**What you will do**
Output the lines below exactly, please, from the first line until the line with "53) cardboard box at [349, 112, 413, 155]", counting both.

──────── Records to use ────────

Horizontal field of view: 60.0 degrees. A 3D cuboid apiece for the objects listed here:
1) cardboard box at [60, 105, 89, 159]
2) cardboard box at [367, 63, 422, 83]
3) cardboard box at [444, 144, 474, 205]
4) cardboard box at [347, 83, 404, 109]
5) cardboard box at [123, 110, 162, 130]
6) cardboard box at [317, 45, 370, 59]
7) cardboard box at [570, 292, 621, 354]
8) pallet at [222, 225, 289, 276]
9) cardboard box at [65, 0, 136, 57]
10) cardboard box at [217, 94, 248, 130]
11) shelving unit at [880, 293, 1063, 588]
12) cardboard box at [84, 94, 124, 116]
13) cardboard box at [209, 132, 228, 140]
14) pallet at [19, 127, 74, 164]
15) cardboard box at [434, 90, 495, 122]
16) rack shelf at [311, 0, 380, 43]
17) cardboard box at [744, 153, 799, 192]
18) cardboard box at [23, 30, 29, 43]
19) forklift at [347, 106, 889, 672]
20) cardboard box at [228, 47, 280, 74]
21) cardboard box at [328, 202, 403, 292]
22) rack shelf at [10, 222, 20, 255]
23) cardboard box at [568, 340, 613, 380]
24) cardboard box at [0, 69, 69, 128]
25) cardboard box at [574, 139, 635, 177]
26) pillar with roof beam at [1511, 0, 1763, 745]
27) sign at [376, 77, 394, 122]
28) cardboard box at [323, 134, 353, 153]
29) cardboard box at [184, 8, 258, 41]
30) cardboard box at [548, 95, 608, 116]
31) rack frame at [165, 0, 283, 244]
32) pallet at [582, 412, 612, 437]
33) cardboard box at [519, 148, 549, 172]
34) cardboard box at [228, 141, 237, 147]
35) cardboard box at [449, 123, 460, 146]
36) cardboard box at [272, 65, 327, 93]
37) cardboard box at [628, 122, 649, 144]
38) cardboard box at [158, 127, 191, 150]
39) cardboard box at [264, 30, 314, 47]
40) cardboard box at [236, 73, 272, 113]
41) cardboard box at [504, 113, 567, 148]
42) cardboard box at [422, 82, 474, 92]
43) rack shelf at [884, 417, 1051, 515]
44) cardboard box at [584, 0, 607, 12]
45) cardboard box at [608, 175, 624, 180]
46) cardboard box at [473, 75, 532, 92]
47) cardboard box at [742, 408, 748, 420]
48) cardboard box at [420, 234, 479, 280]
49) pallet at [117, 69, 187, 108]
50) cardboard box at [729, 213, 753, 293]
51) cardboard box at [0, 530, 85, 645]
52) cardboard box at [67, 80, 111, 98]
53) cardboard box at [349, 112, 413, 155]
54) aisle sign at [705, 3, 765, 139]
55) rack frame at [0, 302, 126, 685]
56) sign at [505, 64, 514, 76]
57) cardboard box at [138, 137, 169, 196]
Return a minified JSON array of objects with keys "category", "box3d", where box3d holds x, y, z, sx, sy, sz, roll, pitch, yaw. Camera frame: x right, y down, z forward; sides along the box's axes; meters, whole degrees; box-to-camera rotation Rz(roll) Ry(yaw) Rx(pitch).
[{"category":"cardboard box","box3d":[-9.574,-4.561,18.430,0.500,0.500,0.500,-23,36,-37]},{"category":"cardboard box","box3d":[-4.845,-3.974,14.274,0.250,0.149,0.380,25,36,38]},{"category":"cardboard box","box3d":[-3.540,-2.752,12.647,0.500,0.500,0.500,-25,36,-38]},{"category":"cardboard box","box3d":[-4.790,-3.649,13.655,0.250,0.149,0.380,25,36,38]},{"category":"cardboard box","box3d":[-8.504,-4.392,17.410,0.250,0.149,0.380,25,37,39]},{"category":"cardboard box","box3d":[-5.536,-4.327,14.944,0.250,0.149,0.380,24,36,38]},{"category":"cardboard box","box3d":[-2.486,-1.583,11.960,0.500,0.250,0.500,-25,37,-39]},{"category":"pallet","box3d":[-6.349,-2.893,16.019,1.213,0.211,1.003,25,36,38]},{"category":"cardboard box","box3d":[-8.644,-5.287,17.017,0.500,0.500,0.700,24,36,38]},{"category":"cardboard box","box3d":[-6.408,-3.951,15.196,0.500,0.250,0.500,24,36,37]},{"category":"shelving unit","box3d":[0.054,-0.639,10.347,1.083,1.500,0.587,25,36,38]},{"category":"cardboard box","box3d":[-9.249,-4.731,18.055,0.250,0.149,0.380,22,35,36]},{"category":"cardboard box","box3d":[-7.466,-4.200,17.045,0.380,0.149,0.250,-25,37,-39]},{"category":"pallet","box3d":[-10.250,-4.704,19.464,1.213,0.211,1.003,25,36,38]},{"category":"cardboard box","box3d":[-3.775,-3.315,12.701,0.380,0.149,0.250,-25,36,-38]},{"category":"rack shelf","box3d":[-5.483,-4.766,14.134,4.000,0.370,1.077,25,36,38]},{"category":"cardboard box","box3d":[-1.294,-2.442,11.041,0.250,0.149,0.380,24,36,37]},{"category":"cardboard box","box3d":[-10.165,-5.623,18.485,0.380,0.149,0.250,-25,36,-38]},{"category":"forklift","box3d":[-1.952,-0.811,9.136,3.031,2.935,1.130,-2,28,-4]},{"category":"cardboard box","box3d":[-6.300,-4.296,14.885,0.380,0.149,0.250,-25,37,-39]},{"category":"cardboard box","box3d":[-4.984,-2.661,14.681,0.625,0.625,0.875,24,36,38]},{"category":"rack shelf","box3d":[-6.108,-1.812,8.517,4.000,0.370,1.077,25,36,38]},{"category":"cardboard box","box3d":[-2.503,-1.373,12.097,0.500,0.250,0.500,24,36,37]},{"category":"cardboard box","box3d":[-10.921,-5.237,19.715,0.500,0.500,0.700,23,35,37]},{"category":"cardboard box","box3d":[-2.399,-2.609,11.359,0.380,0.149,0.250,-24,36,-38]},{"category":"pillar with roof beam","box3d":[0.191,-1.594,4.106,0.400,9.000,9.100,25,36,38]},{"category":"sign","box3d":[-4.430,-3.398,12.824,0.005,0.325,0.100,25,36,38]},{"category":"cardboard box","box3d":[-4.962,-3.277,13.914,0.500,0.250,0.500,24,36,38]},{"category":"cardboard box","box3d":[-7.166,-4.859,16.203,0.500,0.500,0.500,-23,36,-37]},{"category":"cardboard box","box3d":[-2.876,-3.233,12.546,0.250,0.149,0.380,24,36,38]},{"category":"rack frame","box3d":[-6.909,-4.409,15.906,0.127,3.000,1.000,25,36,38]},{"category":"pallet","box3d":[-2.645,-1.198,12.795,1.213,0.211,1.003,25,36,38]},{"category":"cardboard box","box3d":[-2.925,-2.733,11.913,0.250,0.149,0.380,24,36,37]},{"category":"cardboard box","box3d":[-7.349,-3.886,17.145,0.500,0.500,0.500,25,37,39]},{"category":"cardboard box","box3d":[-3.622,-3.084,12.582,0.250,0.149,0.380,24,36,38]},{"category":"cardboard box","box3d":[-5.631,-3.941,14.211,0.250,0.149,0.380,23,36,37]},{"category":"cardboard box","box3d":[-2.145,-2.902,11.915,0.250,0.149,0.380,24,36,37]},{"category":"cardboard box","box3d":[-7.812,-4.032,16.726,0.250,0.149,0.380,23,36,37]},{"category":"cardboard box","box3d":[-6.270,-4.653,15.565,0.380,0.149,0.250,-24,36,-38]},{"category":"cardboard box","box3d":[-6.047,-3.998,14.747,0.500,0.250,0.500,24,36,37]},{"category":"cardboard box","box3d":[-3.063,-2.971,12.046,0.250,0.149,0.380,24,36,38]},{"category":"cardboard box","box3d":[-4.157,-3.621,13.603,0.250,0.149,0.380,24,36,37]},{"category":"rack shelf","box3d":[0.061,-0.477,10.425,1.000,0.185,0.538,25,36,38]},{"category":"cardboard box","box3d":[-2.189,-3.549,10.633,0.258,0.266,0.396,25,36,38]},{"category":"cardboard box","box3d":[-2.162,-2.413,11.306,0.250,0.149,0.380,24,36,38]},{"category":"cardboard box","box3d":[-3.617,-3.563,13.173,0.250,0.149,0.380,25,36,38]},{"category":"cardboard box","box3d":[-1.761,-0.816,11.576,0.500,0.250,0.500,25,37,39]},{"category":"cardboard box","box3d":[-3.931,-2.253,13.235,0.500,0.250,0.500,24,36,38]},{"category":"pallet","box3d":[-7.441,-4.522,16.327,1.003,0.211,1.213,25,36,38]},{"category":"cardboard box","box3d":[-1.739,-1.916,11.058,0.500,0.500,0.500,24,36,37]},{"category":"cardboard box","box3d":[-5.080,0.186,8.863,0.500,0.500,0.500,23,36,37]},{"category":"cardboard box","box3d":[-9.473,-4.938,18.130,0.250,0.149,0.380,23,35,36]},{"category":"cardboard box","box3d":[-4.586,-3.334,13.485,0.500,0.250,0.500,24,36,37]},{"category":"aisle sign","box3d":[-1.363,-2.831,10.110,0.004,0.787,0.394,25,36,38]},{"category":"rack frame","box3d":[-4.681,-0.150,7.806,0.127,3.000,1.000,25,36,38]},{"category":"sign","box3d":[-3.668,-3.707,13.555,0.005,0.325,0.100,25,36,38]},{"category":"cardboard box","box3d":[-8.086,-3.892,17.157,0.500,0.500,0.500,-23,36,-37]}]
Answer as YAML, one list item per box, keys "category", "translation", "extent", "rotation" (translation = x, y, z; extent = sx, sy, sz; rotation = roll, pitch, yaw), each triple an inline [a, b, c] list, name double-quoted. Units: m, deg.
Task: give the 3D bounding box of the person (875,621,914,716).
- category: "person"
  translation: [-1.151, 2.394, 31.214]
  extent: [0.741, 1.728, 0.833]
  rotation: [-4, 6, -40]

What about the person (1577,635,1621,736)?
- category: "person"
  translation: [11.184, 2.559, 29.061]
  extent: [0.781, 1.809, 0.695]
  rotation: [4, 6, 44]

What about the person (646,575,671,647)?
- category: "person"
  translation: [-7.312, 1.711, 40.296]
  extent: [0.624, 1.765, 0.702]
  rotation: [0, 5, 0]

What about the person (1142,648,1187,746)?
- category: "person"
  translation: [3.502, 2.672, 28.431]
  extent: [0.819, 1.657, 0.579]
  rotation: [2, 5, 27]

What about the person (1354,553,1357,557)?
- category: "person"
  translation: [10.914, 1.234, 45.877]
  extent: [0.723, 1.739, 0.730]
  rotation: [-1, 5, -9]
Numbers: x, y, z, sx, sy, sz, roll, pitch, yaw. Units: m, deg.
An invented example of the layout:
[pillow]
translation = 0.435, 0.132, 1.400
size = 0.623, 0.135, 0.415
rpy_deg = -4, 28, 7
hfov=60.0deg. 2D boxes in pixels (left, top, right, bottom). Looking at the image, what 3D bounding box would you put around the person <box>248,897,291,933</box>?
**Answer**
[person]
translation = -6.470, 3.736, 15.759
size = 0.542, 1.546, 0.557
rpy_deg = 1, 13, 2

────────

**Your solution**
Horizontal field of view: 60.0 degrees. A 3D cuboid apiece for the objects listed here:
1) cardboard box at [60, 105, 89, 159]
2) cardboard box at [367, 63, 422, 83]
3) cardboard box at [444, 144, 474, 205]
4) cardboard box at [347, 83, 404, 109]
5) cardboard box at [123, 110, 162, 130]
6) cardboard box at [317, 45, 370, 59]
7) cardboard box at [570, 292, 621, 354]
8) pallet at [222, 225, 289, 276]
9) cardboard box at [65, 0, 136, 57]
10) cardboard box at [217, 94, 248, 130]
11) shelving unit at [880, 293, 1063, 588]
12) cardboard box at [84, 94, 124, 116]
13) cardboard box at [209, 132, 228, 140]
14) pallet at [19, 127, 74, 164]
15) cardboard box at [434, 90, 495, 122]
16) rack shelf at [311, 0, 380, 43]
17) cardboard box at [744, 153, 799, 192]
18) cardboard box at [23, 30, 29, 43]
19) forklift at [347, 106, 889, 672]
20) cardboard box at [228, 47, 280, 74]
21) cardboard box at [328, 202, 403, 292]
22) rack shelf at [10, 222, 20, 255]
23) cardboard box at [568, 340, 613, 380]
24) cardboard box at [0, 69, 69, 128]
25) cardboard box at [574, 139, 635, 177]
26) pillar with roof beam at [1511, 0, 1763, 745]
27) sign at [376, 77, 394, 122]
28) cardboard box at [323, 134, 353, 153]
29) cardboard box at [184, 8, 258, 41]
30) cardboard box at [548, 95, 608, 116]
31) rack frame at [165, 0, 283, 244]
32) pallet at [582, 412, 612, 437]
33) cardboard box at [519, 148, 549, 172]
34) cardboard box at [228, 141, 237, 147]
35) cardboard box at [449, 123, 460, 146]
36) cardboard box at [272, 65, 327, 93]
37) cardboard box at [628, 122, 649, 144]
38) cardboard box at [158, 127, 191, 150]
39) cardboard box at [264, 30, 314, 47]
40) cardboard box at [236, 73, 272, 113]
41) cardboard box at [504, 113, 567, 148]
42) cardboard box at [422, 82, 474, 92]
43) rack shelf at [884, 417, 1051, 515]
44) cardboard box at [584, 0, 607, 12]
45) cardboard box at [608, 175, 624, 180]
46) cardboard box at [473, 75, 532, 92]
47) cardboard box at [742, 408, 748, 420]
48) cardboard box at [420, 234, 479, 280]
49) pallet at [117, 69, 187, 108]
50) cardboard box at [729, 213, 753, 293]
51) cardboard box at [0, 530, 85, 645]
52) cardboard box at [67, 80, 111, 98]
53) cardboard box at [349, 112, 413, 155]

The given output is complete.